We already have a Master's programme in pharmaceutical quality assurance, so the collaboration with SGS was a natural fit to expand our learning pathways for professionals in medical device regulation.

Professor Anne Greene, TU Dublin

 

It was decided at an early stage that the new programme would be at Level 9. “Most of the people working on compliance in the industry already have an undergraduate degree,” she notes. “This made a Level 9 Certificate appropriate.”

Work began on the development of the programme in 2021 and was finalised and accredited in early 2022. The TU Dublin accreditation panel included academics from within the university, industry representatives and external academics.

Two successful pilots were run in 2022 and the first programme was delivered from May-August 2023. This first full programme coincided with the start of an EU-funded project, NoBoCap, which includes SGS and TU Dublin as partners. This project enabled the programme to be more widely rolled out across the EU, as the participant fees can be covered by the EU Funding until February 2026.

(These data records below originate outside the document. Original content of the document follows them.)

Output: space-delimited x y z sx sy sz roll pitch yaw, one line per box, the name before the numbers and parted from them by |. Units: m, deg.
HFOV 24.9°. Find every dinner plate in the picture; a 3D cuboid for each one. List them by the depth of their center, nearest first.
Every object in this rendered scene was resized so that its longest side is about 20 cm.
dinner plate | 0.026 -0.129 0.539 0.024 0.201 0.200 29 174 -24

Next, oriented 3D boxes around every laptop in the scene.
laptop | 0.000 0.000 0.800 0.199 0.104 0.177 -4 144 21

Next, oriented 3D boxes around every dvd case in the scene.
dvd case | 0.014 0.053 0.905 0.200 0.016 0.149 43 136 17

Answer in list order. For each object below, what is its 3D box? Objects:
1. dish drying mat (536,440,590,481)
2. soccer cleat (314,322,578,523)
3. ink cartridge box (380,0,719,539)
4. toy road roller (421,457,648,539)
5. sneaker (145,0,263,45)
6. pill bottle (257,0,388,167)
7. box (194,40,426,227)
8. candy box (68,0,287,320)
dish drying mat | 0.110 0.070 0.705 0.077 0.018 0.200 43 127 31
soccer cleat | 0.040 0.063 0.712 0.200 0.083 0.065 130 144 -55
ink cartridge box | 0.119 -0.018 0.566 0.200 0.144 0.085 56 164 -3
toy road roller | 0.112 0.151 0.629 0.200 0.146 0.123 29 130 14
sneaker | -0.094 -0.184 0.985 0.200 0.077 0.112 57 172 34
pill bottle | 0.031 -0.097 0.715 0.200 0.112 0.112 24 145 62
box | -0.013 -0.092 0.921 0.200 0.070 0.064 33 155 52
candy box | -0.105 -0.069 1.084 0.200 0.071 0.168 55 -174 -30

Key features of this course include:

• 10 weeks (8 in the virtual classroom, 2 for online assessments)
• 100% online
• Postgraduate CPD certificate worth 5 credits
• Accredited by Technological University Dublin (TU Dublin)
• Led by Dr Geofrey De Visscher, Head of SGS’s European MDR Notified Body (NB)
  
  

 

The impact - benefits to the medical device industry and people working in it

Programme participant Valerie Byrne, a Quality Assurance Associate with Cosmo Pharmaceuticals, has no hesitation in recommending the programme to other industry professionals. “I have already recommended it to colleagues,” she says.

“The course was brilliant. Each section linked seamlessly to the next and prepared you. We had work assignments to complete each week and I learned a lot from those. I refer back to the course notes regularly, especially those on Clinical Evaluation.” The content was pitched at an accessible level, she adds. “It was very clear and not overly complicated. Anyone can read guidelines, but I preferred to do a course that would walk me through the process, and I continue to go back and refer to the programme materials. It will 100 percent help me in my future career.”

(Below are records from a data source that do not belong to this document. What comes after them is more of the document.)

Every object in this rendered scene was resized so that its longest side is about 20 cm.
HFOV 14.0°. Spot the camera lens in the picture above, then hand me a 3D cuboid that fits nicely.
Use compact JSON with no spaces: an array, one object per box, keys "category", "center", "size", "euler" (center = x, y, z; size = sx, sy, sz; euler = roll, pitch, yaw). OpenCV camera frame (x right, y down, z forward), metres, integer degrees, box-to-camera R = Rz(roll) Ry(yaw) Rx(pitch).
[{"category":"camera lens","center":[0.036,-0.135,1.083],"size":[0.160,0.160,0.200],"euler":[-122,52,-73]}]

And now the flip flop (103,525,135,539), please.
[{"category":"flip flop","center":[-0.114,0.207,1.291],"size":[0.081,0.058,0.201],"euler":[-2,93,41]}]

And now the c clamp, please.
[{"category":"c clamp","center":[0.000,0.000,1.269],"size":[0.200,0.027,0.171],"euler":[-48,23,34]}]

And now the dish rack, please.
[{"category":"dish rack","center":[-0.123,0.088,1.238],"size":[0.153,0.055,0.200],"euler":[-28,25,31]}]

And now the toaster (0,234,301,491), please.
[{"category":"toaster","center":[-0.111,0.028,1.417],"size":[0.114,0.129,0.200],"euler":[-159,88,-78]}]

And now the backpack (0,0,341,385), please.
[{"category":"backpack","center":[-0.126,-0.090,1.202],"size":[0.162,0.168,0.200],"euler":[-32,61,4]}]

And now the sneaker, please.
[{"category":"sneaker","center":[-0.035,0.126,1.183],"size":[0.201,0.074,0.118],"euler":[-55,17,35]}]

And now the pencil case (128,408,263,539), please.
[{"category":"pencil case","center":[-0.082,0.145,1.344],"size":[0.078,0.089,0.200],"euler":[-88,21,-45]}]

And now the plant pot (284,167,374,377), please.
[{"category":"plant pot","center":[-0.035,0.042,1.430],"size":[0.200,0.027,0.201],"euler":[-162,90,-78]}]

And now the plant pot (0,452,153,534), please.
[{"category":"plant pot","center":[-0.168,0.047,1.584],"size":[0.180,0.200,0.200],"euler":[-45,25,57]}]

Prof Greene explains how the new programme offers benefits to the medical device industry and people working in it, to SGS, and TU Dublin. “We made sure at the outset that the programme would benefit both partners. It was clear that SGS was able to bring expertise that we didn’t have, while we could offer the accreditation required for the programme.”

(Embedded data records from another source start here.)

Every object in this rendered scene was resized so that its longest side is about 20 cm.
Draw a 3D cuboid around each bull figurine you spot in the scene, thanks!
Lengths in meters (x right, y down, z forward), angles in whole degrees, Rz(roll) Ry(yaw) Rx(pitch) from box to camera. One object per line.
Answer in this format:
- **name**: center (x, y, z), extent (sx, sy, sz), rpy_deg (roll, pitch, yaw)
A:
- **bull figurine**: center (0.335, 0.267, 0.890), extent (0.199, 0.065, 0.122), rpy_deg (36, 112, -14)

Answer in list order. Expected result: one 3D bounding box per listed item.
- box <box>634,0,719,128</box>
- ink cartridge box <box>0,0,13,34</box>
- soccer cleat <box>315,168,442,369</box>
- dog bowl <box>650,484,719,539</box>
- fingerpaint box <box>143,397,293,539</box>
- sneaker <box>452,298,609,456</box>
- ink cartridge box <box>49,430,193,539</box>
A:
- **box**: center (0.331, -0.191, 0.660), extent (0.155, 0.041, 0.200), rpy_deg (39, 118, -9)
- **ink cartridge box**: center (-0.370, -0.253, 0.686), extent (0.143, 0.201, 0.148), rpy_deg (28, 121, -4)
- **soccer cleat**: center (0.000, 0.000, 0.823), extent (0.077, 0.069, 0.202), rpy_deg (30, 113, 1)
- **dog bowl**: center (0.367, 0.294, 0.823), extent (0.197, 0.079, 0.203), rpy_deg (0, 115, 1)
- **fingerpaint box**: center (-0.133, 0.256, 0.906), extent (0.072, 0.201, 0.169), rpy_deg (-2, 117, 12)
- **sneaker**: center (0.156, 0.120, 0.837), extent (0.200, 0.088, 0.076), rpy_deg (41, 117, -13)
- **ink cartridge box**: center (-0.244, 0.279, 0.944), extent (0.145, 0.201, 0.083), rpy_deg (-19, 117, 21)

We made sure at the outset that the programme would benefit both partners. It was clear that SGS was able to bring expertise that we didn’t have, while we could offer the accreditation required for the programme.

Professor Anne Greene, TU Dublin

As a result, SGS can now offer a programme accredited by TU Dublin, Ireland’s largest technological university, the industry has access to the training required to meet the exacting new requirements of the MDR and IVDR, while industry professionals gain CPD credits and a Level 9 Certificate in Implementing Regulatory Requirements for Medical Devices.

As noted above, since March 2023, this partnership has received European funding through the success of an EU4Health consortium funding application to meet the significant need for the expansion of Notified Body Capacity (NoBoCap).

 

For more on the MDR Postgraduate Course

Understanding MDR with respect to the creation and assessment of the full Technical Documentation and the Clinical Evaluation Report is crucial for Medical Device manufacturers. 

These courses will support enterprises on the journey to MDR compliance. Graduating may also be the first step to a potential career as an Notified Body auditor and/or product assessor. 

The final award is a CPD certificate in Implementing Regulatory Requirements for Medical Devices, awarded at NFQ IRL Level 9 and EQF Level 7 without classification, accredited by TU Dublin.

This programme is available free of charge to the industry for the next three years, with plans to develop six additional modules. This expanded collaboration incorporates the TU Dublin School of Mechanical Engineering and School of Chemical and BioPharmaceutical Sciences, with ongoing support from the Enterprise Academy.